Thoughts on Compassion and Courage in a Difficult Age

“Courage and compassion are two sides of the same coin. Compassion without courage is not genuine. You may have a compassionate thought or impulse, but if you don’t do or say anything, it’s not real compassion.”

— Daisaku Ikeda

Like most of us, I’ve been so overwhelmed with the devastating loss of life in terrorist acts, both foreign and domestic. And I’ve again been disheartened by the lack of attention paid here in the US to the serious terror attacks happening outside of Europe or the US. The continuing push of nationalism here and elsewhere. There are many things happening in the US, and elsewhere, that disturb me greatly. And I’m very concerned about a political climate that seems to be fostering the worst of the racists, xenophobes, and haters, while drowning out the voices of reason. Whispering on the wind. That’s what it often feels like.

“The greatest test of courage on earth is to bear defeat without losing heart.”

— Robert Green Ingersoll

While I was trying to decide what to write, on this very broad compassion topic of courage, my then 16-year-old daughter suggested something about bullying, and the courage to stand up for others. And I, perhaps not very helpfully, made a comment about Donald Trump. Which led my, exasperated, daughter to ask “why is it always about politics?” My response was simply that Trump was a bully. Which is true. But I do see her point.
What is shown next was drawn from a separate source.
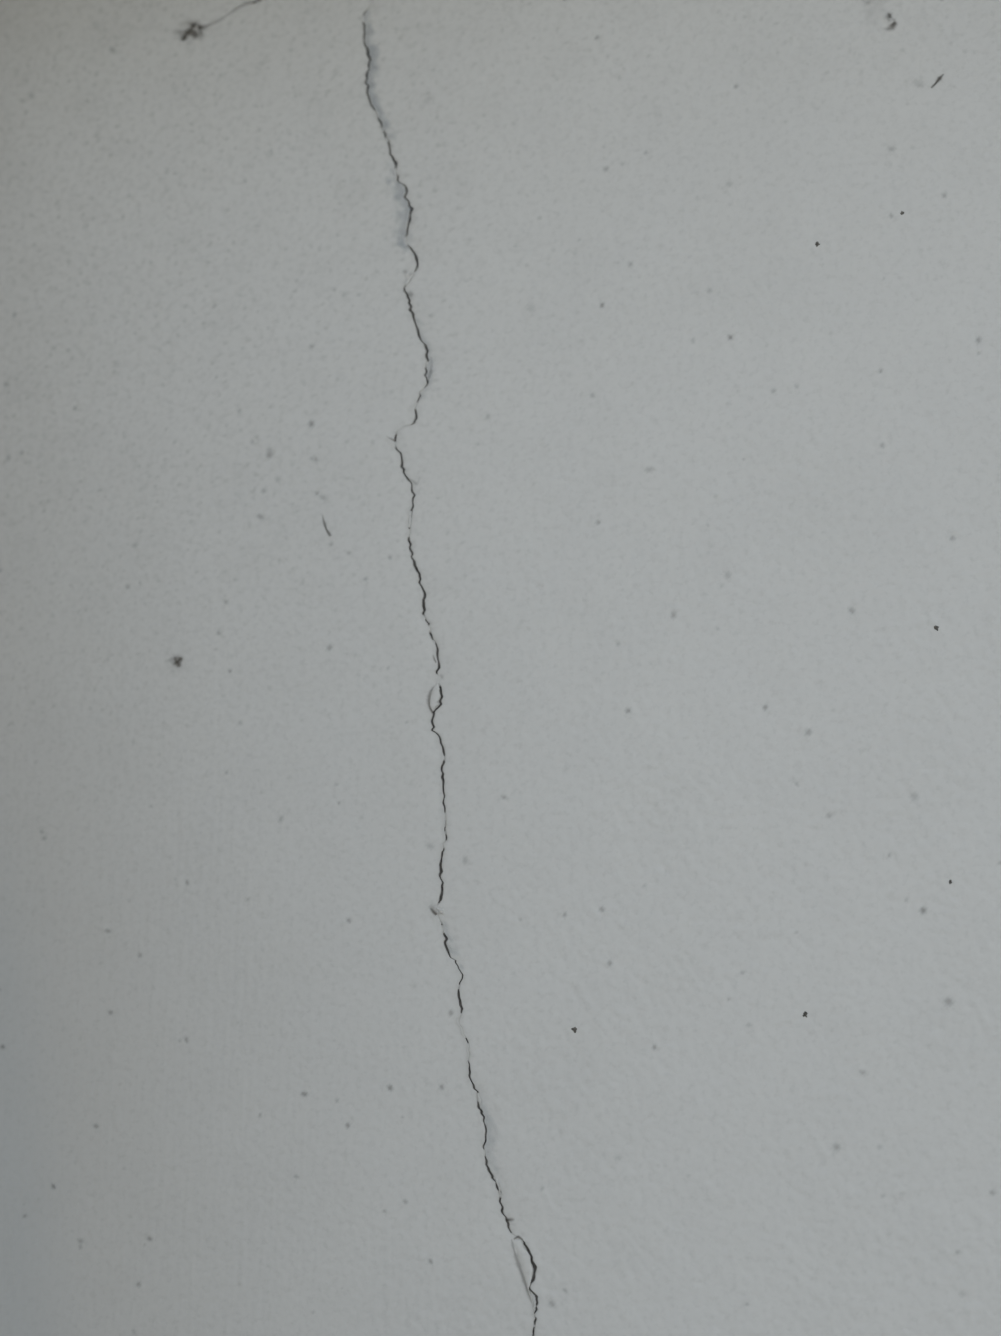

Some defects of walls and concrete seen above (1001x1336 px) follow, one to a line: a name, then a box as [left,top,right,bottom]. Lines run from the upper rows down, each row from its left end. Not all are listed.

crack [181,23,202,41]
crack [363,10,538,1336]

The reality, though, is that, in the end, it’s always politics. Maybe not electioneering-type politics – not the politics that we think of when we think of the word. But the politics of life. “the total complex of relations between people living in society” as Merriam-Webster would have it. At the micro level this is what matters. And my daughter is right, compassion does compel us to act in the face of bullying. At school, at sporting events, in social settings. We, as compassionate, caring, people cannot abide the abuse of others. And we do need to act. Acting on that can take many forms. Of course, personal safety, and the safety of others, factors into it – as does the actual circumstance. Sometimes observing, and reporting, is all that you can, or should do. Sometimes there’s opportunity to intervene directly. There is never one answer. But we should never ignore it when we witness it. It takes a village to raise a child, and it takes a village to keep a village safe and secure. We all shoulder that responsibility. That’s what makes a community – it’s why societies form. And that is part of the courage of moral conviction that underlies our sense of compassion, and gives us the ability to act.

“Courage is resistance to fear, mastery of fear – not absence of fear.”
— Mark Twain

This cannot, however, be truly separated from Politics-with-a-capital-p. Our daily interpersonal relationships, and the smaller societies of our families, and our communities, are a part of the larger whole – our counties, our states, our country. We have responsibilities in all of those. And as citizens of a representative government, we have responsibilities that are, dare I say, political. We need to vote, yes, but more than voting, we owe it to ourselves, our children, and our country, to understand the issues – and to pay attention. In politics, and in life, there can be many correct answers. Very rarely does any one candidate, or any one party have everything right. But that’s okay, too – perfection doesn’t exist, and circumstances change.

“We habitually erect a barrier called blame that keeps us from communicating genuinely with others, and we fortify it with our concepts of who’s right and who’s wrong. We do that with the people who are closest to us and we do it with political systems, with all kinds of things that we don’t like about our associates or our society.

It is a very common, ancient, well-perfected device for trying to feel better. Blame others….Blaming is a way to protect your heart, trying to protect what is soft and open and tender in yourself. Rather than own that pain, we scramble to find some comfortable ground.”
— Pema Chödrön

However, something feels different this time. The angry voices are not only getting louder, they’ve managed to convert others to their causes. And they are bullying – threats, intimidation, hateful rhetoric. And we, as compassionate, caring, people cannot abide the abuse of others. We are compelled to act. Society needs us to act. It seems overwhelming, but we need to continue to write, to protest, to attempt to educate others that there is a better way. That hate is never the answer. That walls, and guns, witch hunts, and religious persecution will not make us safe.

“Courage is contagious. When a brave man takes a stand, the spines of others are often stiffened.”

— Billy Graham

At all levels, the answer is the same – we need the courage of our compassion, and our convictions to drive out the bullying.

“Few will have the greatness to bend history itself, but each of us can work to change a small portion of events. It is from numberless diverse acts of courage and belief that human history is shaped. Each time a man stands up for an ideal, or acts to improve the lot of others, or strikes out against injustice, he sends forth a tiny ripple of hope, and crossing each other from a million different centers of energy and daring those ripples build a current which can sweep down the mightiest walls of oppression and resistance.”
― Robert F. Kennedy

Originally published on July 20, 2016 for that month’s #1000Speak post – some minor changes, mostly unchanged.